Opinion
May 4, 1987
Appeal from the Supreme Court, Suffolk County (Luciano, J.).
Ordered that the judgment is reversed, on the law, with costs, the determinations are confirmed, and the proceeding is dismissed on the merits.
The Supreme Court erred in finding that the appellants' determinations dated January 13, 1984 and November 16, 1984, respectively, were arbitrary because they interpreted the zoning ordinance provision in issue differently than they had interpreted the same provision in another determination, also dated January 13, 1984, with regard to another applicant. The appellants offered a reasonable explanation, supported by the record, for the apparent inconsistency (see, Matter of Field Delivery Serv. [Roberts], 66 N.Y.2d 516).
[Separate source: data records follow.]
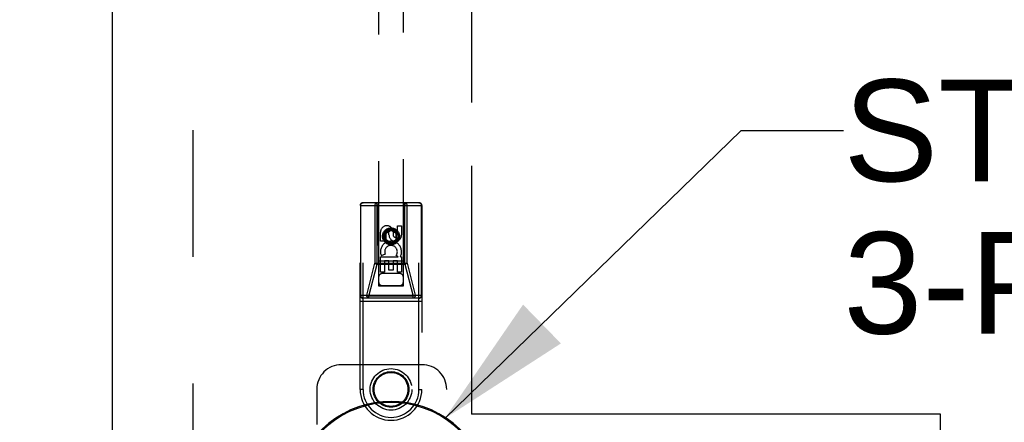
# Model space of a CAD drawing. Header units: inches. Extents: x 0 to 233, y 0 to 151.
# Tile 64 of 85: x 70.5 to 80.45, y 75.13 to 79.2. Entities that reach past the tile are written whole.
import ezdxf

# ---------------------------------------------------------------- set-up
doc = ezdxf.new("R2010")
doc.units = ezdxf.units.IN
doc.header["$LTSCALE"] = 12.808219
doc.header["$MEASUREMENT"] = 0
doc.linetypes.add('HIDDEN', pattern=[0.2, 0.1, -0.1])
doc.linetypes.add('PHANTOM', pattern=[0.8, 0.45, -0.05, 0.1, -0.05, 0.1, -0.05])
doc.layers.get('0').update_dxf_attribs({"linetype": 'CONTINUOUS'})
for name, color, linetype in [('02___PRT_ALL_AXES', 7, 'CONTINUOUS'), ('AVAILABLE_DOOR_SPACE', 7, 'CONTINUOUS'), ('DEFAULT_2', 8, 'HIDDEN'), ('DIMENSIONS', 7, 'CONTINUOUS')]:
    doc.layers.add(name, color=color, linetype=linetype)
doc.styles.get("Standard").update_dxf_attribs({"font": 'arial.ttf'})
doc.dimstyles.new('DIMSTYLE_1', dxfattribs={"dimtxt": 1.027397, "dimasz": 1.369863, "dimexe": 0.09, "dimexo": 0.07, "dimgap": 0.0375, "dimtad": 0, "dimtih": 1, "dimtoh": 1, "dimzin": 4, "dimdsep": 46, "dimtxsty": 'Standard', "dimblk": '_FILLED', "dimblk1": '_FILLED', "dimblk2": '_FILLED', "dimcen": 0.09, "dimazin": 1, "dimtfac": 1, "dimtofl": 0, "dimtmove": 0, "dimatfit": 3, "dimldrblk": '_FILLED', "dimfxl": 1, "dimtolj": 1, "dimtzin": 4, "dimarcsym": 0})
doc.dimstyles.get("Standard").update_dxf_attribs({"dimtxt": 1.164384, "dimasz": 1.369863, "dimexe": 0.09, "dimexo": 0.07, "dimgap": 0.09, "dimtad": 0, "dimtih": 1, "dimtoh": 1, "dimzin": 4, "dimdsep": 46, "dimtxsty": 'Standard', "dimblk": '_FILLED', "dimblk1": '_FILLED', "dimblk2": '_FILLED', "dimcen": 0.09, "dimazin": 1, "dimtp": 0.01, "dimtm": 0.01, "dimtfac": 1, "dimtofl": 0, "dimtmove": 0, "dimatfit": 3, "dimldrblk": '_FILLED', "dimfxl": 1, "dimtolj": 1, "dimtzin": 4, "dimarcsym": 0})

# ---------------------------------------------------------------- blocks, each defined once
blk = doc.blocks.new('_FILLED')
at = {"color": 0, "linetype": 'ByBlock'}
blk.add_solid([(0, 0), (-1, 0.2), (-1, -0.2)], dxfattribs=at)
blk = doc.blocks.new('*D13')
at = {"layer": 'DIMENSIONS', "color": 2, "linetype": 'Continuous'}
for p, q in [((65.9403, 85.0634), (63.311, 85.0634)), ((69.5653, 85.0634), (72.305, 85.0634))]:
    blk.add_line(p, q, dxfattribs=at)
at = {"layer": 'DIMENSIONS', "color": 2, "linetype": 'Continuous', "xscale": 1.3698630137, "yscale": 1.3698630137, "zscale": 1.3698630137}
blk.add_blockref('_FILLED', (65.9403, 85.0634), dxfattribs=at)
at = {"layer": 'DIMENSIONS', "color": 2, "linetype": 'Continuous', "xscale": 1.3698630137, "yscale": 1.3698630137, "zscale": 1.3698630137, "rotation": 180}
blk.add_blockref('_FILLED', (69.5653, 85.0634), dxfattribs=at)
at = {"layer": 'DIMENSIONS', "color": 2, "linetype": 'Continuous', "insert": (62.7973, 85.5771), "char_height": 1.0274, "width": 2.791923, "attachment_point": 3, "line_spacing_factor": 0.9}
blk.add_mtext('3.63', dxfattribs=at)

msp = doc.modelspace()

# ---------------------------------------------------------------- linework, layer by layer
at = {"color": 3, "linetype": 'Continuous'}
msp.add_line((71.4403, 39.1937), (71.4403, 109.4857), dxfattribs=at)
at = {"color": 7, "linetype": 'Continuous'}
for radius, start, end in [(1.0039, 333.56979, 206.43021), (0.9924, 329.09412, 210.90588)]:
    msp.add_arc((74.2528, 74.3397), radius, start, end, dxfattribs=at)
at = {"layer": '02___PRT_ALL_AXES', "color": 8, "linetype": 'HIDDEN'}
for p, q in [((74.2734, 77.0686), (74.2734, 77.0224)), ((74.3169, 77.0263), (74.3169, 77.1187)), ((74.3169, 77.1187), (74.3594, 77.1187)), ((74.3594, 77.1187), (74.3594, 77.0263)), ((74.1461, 76.9624), (74.1461, 77.0548)), ((74.1886, 77.0548), (74.1886, 76.9624)), ((74.2324, 77.0263), (74.2324, 77.0548)), ((74.1886, 76.9624), (74.1461, 76.9624)), ((74.1461, 76.8062), (74.3237, 76.8062)), ((74.1461, 76.65), (74.1461, 76.8062)), ((74.1942, 76.8305), (74.1551, 76.8136)), ((74.3237, 76.8062), (74.3052, 76.8192)), ((74.3488, 76.8097), (74.3471, 76.8062)), ((74.3471, 76.8062), (74.3594, 76.8062)), ((74.3594, 76.8062), (74.3594, 76.65)), ((74.231, 76.7635), (74.1886, 76.7635)), ((74.1886, 76.7635), (74.1886, 76.65)), ((74.231, 76.6713), (74.231, 76.7635)), ((74.2734, 76.6713), (74.231, 76.6713)), ((74.3169, 76.7635), (74.2734, 76.7635)), ((74.2734, 76.7635), (74.2734, 76.6713)), ((74.3169, 76.65), (74.3169, 76.7635)), ((74.1886, 76.65), (74.1461, 76.65)), ((74.3594, 76.65), (74.3169, 76.65))]:
    msp.add_line(p, q, dxfattribs=at)
for centre, radius in [((74.2528, 77.0122), 0.085), ((74.2528, 75.4647), 0.1715)]:
    msp.add_circle(centre, radius, dxfattribs=at)
for centre, radius, start, end in [((74.2105, 77.0549), 0.0644, 12.29948, 180.07752), ((74.2105, 77.0548), 0.0219, 359.90115, 180), ((74.2959, 77.0263), 0.0635, 180, 360), ((74.295, 77.0263), 0.0219, 190.307, 360), ((74.2529, 76.8559), 0.1065, 334.26362, 203.40274), ((74.2529, 76.8559), 0.0639, 324.88948, 203.40261)]:
    msp.add_arc(centre, radius, start, end, dxfattribs=at)
at = {"layer": 'AVAILABLE_DOOR_SPACE', "color": 4, "linetype": 'PHANTOM'}
for p, q in [((75.0653, 108.4647), (75.0653, 75.2147)), ((79.8028, 75.2147), (75.0653, 75.2147)), ((79.8028, 74.3397), (79.8028, 75.2147))]:
    msp.add_line(p, q, dxfattribs=at)
at = {"layer": 'DEFAULT_2', "color": 8, "linetype": 'HIDDEN'}
for p, q in [((72.2528, 108.8247), (72.2528, 39.8547)), ((74.1278, 108.5122), (74.1278, 76.5104)), ((74.3778, 76.5104), (74.3778, 108.5122)), ((73.9403, 75.4647), (73.9403, 77.3222)), ((73.9403, 77.3222), (74.5653, 77.3222)), ((73.9472, 76.4172), (73.9472, 77.3222)), ((73.9703, 75.4647), (73.9703, 77.3522)), ((74.5353, 77.3522), (73.9703, 77.3522)), ((74.0888, 77.3222), (74.0888, 76.7396)), ((74.1228, 77.3222), (74.0928, 77.3522)), ((74.1119, 76.7309), (74.1119, 77.3522)), ((74.1228, 77.3222), (74.1263, 76.5122)), ((74.3793, 76.5122), (74.3828, 77.3222)), ((74.3828, 77.3222), (74.4128, 77.3522)), ((74.3937, 76.7309), (74.3937, 77.3522)), ((74.4168, 76.7396), (74.4168, 77.3222)), ((74.5353, 75.4647), (74.5353, 77.3522)), ((74.5584, 77.3222), (74.5584, 76.4172)), ((74.5653, 77.3222), (74.5653, 75.4647)), ((74.2528, 77.084), (74.1903, 77.0479)), ((74.2528, 77.0725), (74.2003, 77.0422)), ((74.2528, 77.084), (74.2528, 77.0725)), ((74.3153, 77.0479), (74.2528, 77.084)), ((74.3053, 77.0422), (74.2528, 77.0725)), ((74.1903, 77.0479), (74.1903, 76.9758)), ((74.1903, 77.0479), (74.2003, 77.0422)), ((74.1903, 76.9758), (74.2003, 76.9815)), ((74.1903, 76.9758), (74.2528, 76.9397)), ((74.2003, 77.0422), (74.2003, 76.9815)), ((74.2003, 76.9815), (74.2528, 76.9512)), ((74.2528, 76.9512), (74.3053, 76.9815)), ((74.2528, 76.9397), (74.3153, 76.9758)), ((74.3153, 77.0479), (74.3053, 77.0422)), ((74.3053, 76.9815), (74.3053, 77.0422)), ((74.3153, 76.9758), (74.3053, 76.9815)), ((74.3153, 76.9758), (74.3153, 77.0479)), ((74.2528, 76.9397), (74.2528, 76.9512)), ((74.0074, 76.4172), (74.0888, 76.7396)), ((74.0304, 76.4084), (74.1119, 76.7309)), ((74.0888, 76.7396), (74.4168, 76.7396)), ((74.1119, 76.7309), (74.3937, 76.7309)), ((74.3804, 76.7622), (74.1252, 76.7622)), ((74.3937, 76.7309), (74.4751, 76.4084)), ((74.4168, 76.7396), (74.4982, 76.4172)), ((74.3378, 76.6372), (74.1678, 76.6372)), ((74.1263, 76.5122), (74.3793, 76.5122)), ((74.1278, 76.5135), (74.3778, 76.5135)), ((74.1278, 76.5104), (74.3778, 76.5104)), ((73.9403, 76.4172), (74.5653, 76.4172)), ((74.5353, 76.3872), (73.9703, 76.3872)), ((74.4751, 76.4084), (74.0304, 76.4084)), ((74.0304, 76.3872), (74.0304, 76.4084)), ((74.4751, 76.3872), (74.4751, 76.4084)), ((73.9403, 76.3572), (74.5653, 76.3572)), ((74.5653, 75.7147), (73.7528, 75.7147)), ((73.5028, 75.4647), (73.5028, 75.1115)), ((73.9703, 75.4647), (73.9403, 75.4647)), ((74.5353, 75.4647), (74.5653, 75.4647)), ((74.8153, 73.2147), (74.8153, 75.4647))]:
    msp.add_line(p, q, dxfattribs=at)
for points in [[(73.9472, 77.3222), (73.9475, 77.3269), (73.9483, 77.3314), (73.9497, 77.3358), (73.9516, 77.3398), (73.9539, 77.3434), (73.9567, 77.3464), (73.9598, 77.3489), (73.9631, 77.3507), (73.9667, 77.3518), (73.9703, 77.3522)], [(74.1119, 77.3522), (74.1083, 77.3518), (74.1047, 77.3507), (74.1014, 77.3489), (74.0983, 77.3464), (74.0955, 77.3434), (74.0932, 77.3398), (74.0913, 77.3358), (74.0899, 77.3314), (74.0891, 77.3268), (74.0888, 77.3222)], [(74.4168, 77.3222), (74.4165, 77.3269), (74.4156, 77.3314), (74.4143, 77.3358), (74.4124, 77.3398), (74.41, 77.3434), (74.4072, 77.3464), (74.4042, 77.3489), (74.4008, 77.3507), (74.3973, 77.3518), (74.3937, 77.3522)], [(74.5353, 77.3522), (74.5389, 77.3518), (74.5424, 77.3507), (74.5458, 77.3489), (74.5488, 77.3464), (74.5516, 77.3434), (74.554, 77.3398), (74.5559, 77.3358), (74.5572, 77.3314), (74.5581, 77.3269), (74.5584, 77.3222)], [(74.0888, 76.7396), (74.0917, 76.738), (74.0952, 76.7363), (74.099, 76.7348), (74.1031, 76.7333), (74.1074, 76.732), (74.1119, 76.7309)], [(74.4168, 76.7396), (74.4138, 76.738), (74.4104, 76.7363), (74.4065, 76.7348), (74.4024, 76.7333), (74.3981, 76.732), (74.3937, 76.7309)], [(73.9703, 76.3872), (73.9667, 76.3875), (73.9631, 76.3886), (73.9598, 76.3904), (73.9567, 76.3929), (73.9539, 76.396), (73.9516, 76.3995), (73.9497, 76.4036), (73.9483, 76.4079), (73.9475, 76.4125), (73.9472, 76.4172)], [(74.0304, 76.3872), (74.0268, 76.3875), (74.0233, 76.3886), (74.02, 76.3904), (74.0169, 76.3929), (74.0141, 76.396), (74.0118, 76.3995), (74.0099, 76.4036), (74.0085, 76.4079), (74.0076, 76.4125), (74.0074, 76.4172)], [(74.0074, 76.4172), (74.0103, 76.4155), (74.0137, 76.4139), (74.0176, 76.4123), (74.0217, 76.4109), (74.026, 76.4095), (74.0304, 76.4084)], [(74.4982, 76.4172), (74.4952, 76.4155), (74.4918, 76.4139), (74.488, 76.4123), (74.4839, 76.4109), (74.4795, 76.4095), (74.4751, 76.4084)], [(74.4982, 76.4172), (74.4979, 76.4125), (74.4971, 76.4079), (74.4957, 76.4036), (74.4938, 76.3995), (74.4914, 76.396), (74.4887, 76.3929), (74.4856, 76.3904), (74.4822, 76.3886), (74.4787, 76.3875), (74.4751, 76.3872)], [(74.5584, 76.4172), (74.5581, 76.4125), (74.5572, 76.4079), (74.5559, 76.4035), (74.554, 76.3995), (74.5516, 76.396), (74.5488, 76.3929), (74.5458, 76.3904), (74.5424, 76.3886), (74.5389, 76.3875), (74.5353, 76.3872)]]:
    msp.add_lwpolyline(points, dxfattribs=at)
for centre, radius in [((74.2528, 77.0122), 0.0845), ((74.2528, 77.0122), 0.0745), ((74.2528, 75.4647), 0.21), ((74.2528, 75.4647), 0.18)]:
    msp.add_circle(centre, radius, dxfattribs=at)
for centre, radius, start, end in [((73.9703, 77.3222), 0.03, 90, 180), ((74.5353, 77.3222), 0.03, 0, 90), ((74.1678, 76.5972), 0.04, 90, 180), ((74.3378, 76.5972), 0.04, 0, 90), ((74.1678, 76.5522), 0.04, 180, 270), ((74.3378, 76.5522), 0.04, 270, 360), ((73.9703, 76.4172), 0.03, 180, 270), ((74.5353, 76.4172), 0.03, 270, 360), ((73.7528, 75.4647), 0.25, 90, 180), ((74.5653, 75.4647), 0.25, 0, 90), ((74.2528, 75.4647), 0.3125, 180, 360), ((74.2528, 75.4647), 0.2825, 180, 360)]:
    msp.add_arc(centre, radius, start, end, dxfattribs=at)

# ---------------------------------------------------------------- texts
at = {"layer": 'DIMENSIONS', "color": 2, "linetype": 'Continuous', "insert": (78.8217, 78.5967), "char_height": 1.027397, "width": 12.813821, "attachment_point": 1, "line_spacing_factor": 0.9}
msp.add_mtext('STAINLESS STEEL\\P3-PT. HARDWARE', dxfattribs=at)

# ---------------------------------------------------------------- dimensions: what is measured, and where the dimension line sits
at = {"layer": 'DIMENSIONS', "color": 2, "linetype": 'Continuous'}
dim = msp.add_linear_dim(base=(69.5652720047, 85.0633627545), p1=(65.9402720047, 108.4646634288), p2=(69.5652720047, 39.1936634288), dimstyle='DIMSTYLE_1', dxfattribs=at)
dim.commit()
dim.dimension.update_dxf_attribs({"geometry": '*D13', "text_midpoint": (61.4000509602, 85.0576347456), "dimtype": 160})

# ---------------------------------------------------------------- leaders
at = {"layer": 'DIMENSIONS', "color": 2, "linetype": 'Continuous', "annotation_type": 0, "has_hookline": 1, "hookline_direction": 1, "text_width": 12.7268}
msp.add_leader([(74.7958, 75.1703), (77.7896, 78.083), (78.8217, 78.083)], dimstyle='Standard', override={"dimtad": 0}, dxfattribs=at)

doc.saveas('drawing.dxf')

The court also erred in refusing to dismiss the proceeding based on a 1984 amendment to the village's zoning ordinance. That amendment, which was passed after the appellants' determinations but before the Supreme Court's decision, deleted the provision upon which the petitioners relied in their application. The record contains no "special facts" which would except this case from the general rule that a case must be decided on the law as it exists at the time of the decision (see, Matter of Amsterdam-Manhattan Assocs. v. Joy, 42 N.Y.2d 941; Matter of Pokoik v. Silsdorf, 40 N.Y.2d 769; Matter of Aversano v. Two Family Use Bd., 117 A.D.2d 665; Matter of Golisano v. Town Bd., 31 A.D.2d 85). Accordingly, the judgment is reversed, the appellants' determinations are confirmed, and the proceeding is dismissed. Bracken, J.P., Kunzeman, Kooper and Spatt, JJ., concur.